§ Given records:
•••

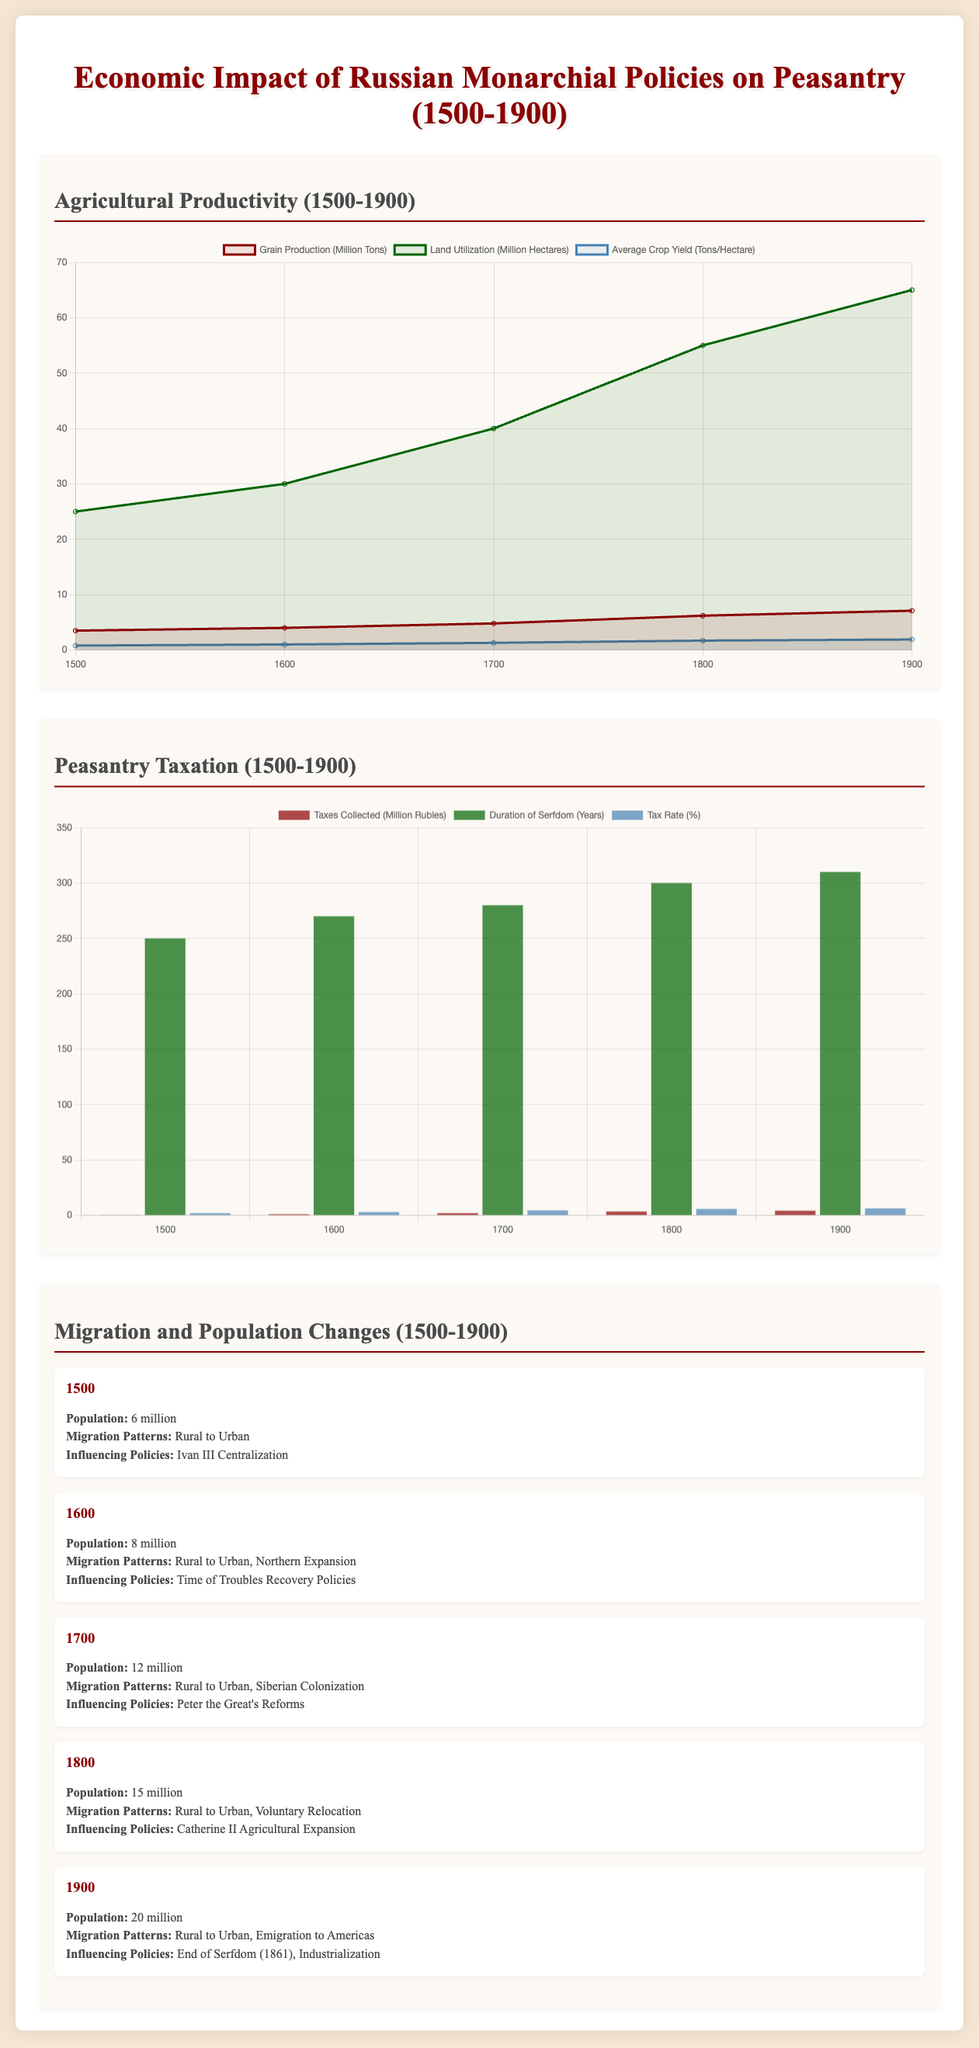What was the grain production in the year 1700? The grain production in the year 1700 is indicated in the agricultural productivity chart, which shows that it was 4.8 million tons.
Answer: 4.8 million tons What was the tax collected in 1900? The tax collected in 1900 is listed in the peasantry taxation chart as 4.2 million rubles.
Answer: 4.2 million rubles What was the population in 1800? The population in 1800 is presented in the migration and population changes flow chart, where it states that the population was 15 million.
Answer: 15 million What policy influenced Siberian colonization? The flow chart details the year 1700 where it states that Peter the Great's Reforms influenced Siberian colonization.
Answer: Peter the Great's Reforms Which year saw the highest average crop yield? The agricultural productivity chart indicates the year with the highest average crop yield was 1900 with 1.9 tons/hectare.
Answer: 1900 What was the duration of serfdom in 1600? The peasantry taxation chart provides the duration of serfdom in 1600, which is 270 years.
Answer: 270 years What migration pattern was dominant by 1900? The migration and population changes flow chart shows that by 1900, emigration to the Americas was a dominant migration pattern.
Answer: Emigration to Americas How much land was utilized in the year 1800? The agricultural productivity chart indicates that land utilization in the year 1800 was 55 million hectares.
Answer: 55 million hectares What was the tax rate in 1700? The peasantry taxation chart shows the tax rate in 1700 was 4.5 percent.
Answer: 4.5 percent

•••

§ Task directions: Take every line from the records that holds "hectares" and copy it down.

§ Reply to the exercise:
Answer: Emigration to Americas How much land was utilized in the year 1800? The agricultural productivity chart indicates that land utilization in the year 1800 was 55 million hectares.
Answer: 55 million hectares What was the tax rate in 1700? The peasantry taxation chart shows the tax rate in 1700 was 4.5 percent.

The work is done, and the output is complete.